▶ **What you are asked to do**:
Your task is to set down the line containing "Write the answer" and every later line of the entries, word for word, including the last.

━━━━━ Exercise input

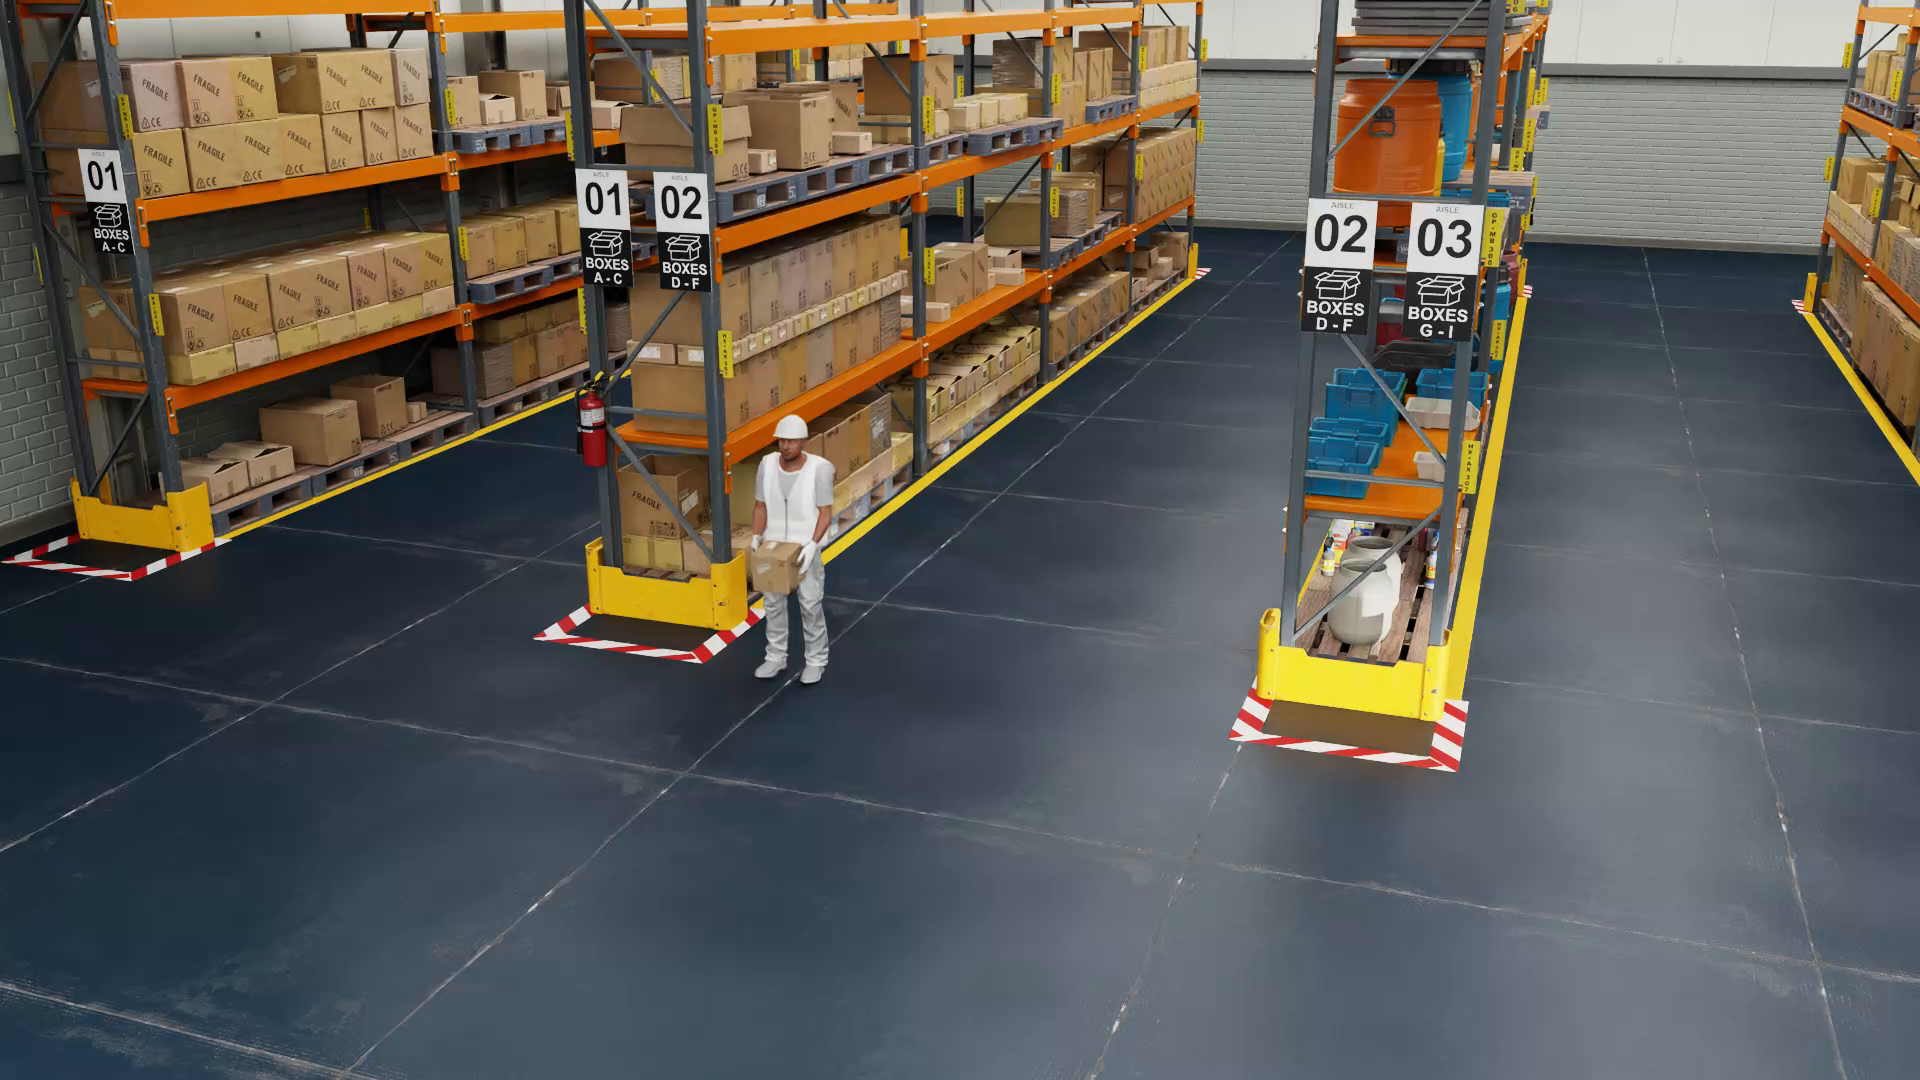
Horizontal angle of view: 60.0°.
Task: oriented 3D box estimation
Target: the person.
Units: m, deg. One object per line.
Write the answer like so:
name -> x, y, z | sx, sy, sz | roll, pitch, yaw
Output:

━━━━━━━━━━

▶ **Worked solution**:
Write the answer like so:
name -> x, y, z | sx, sy, sz | roll, pitch, yaw
Output:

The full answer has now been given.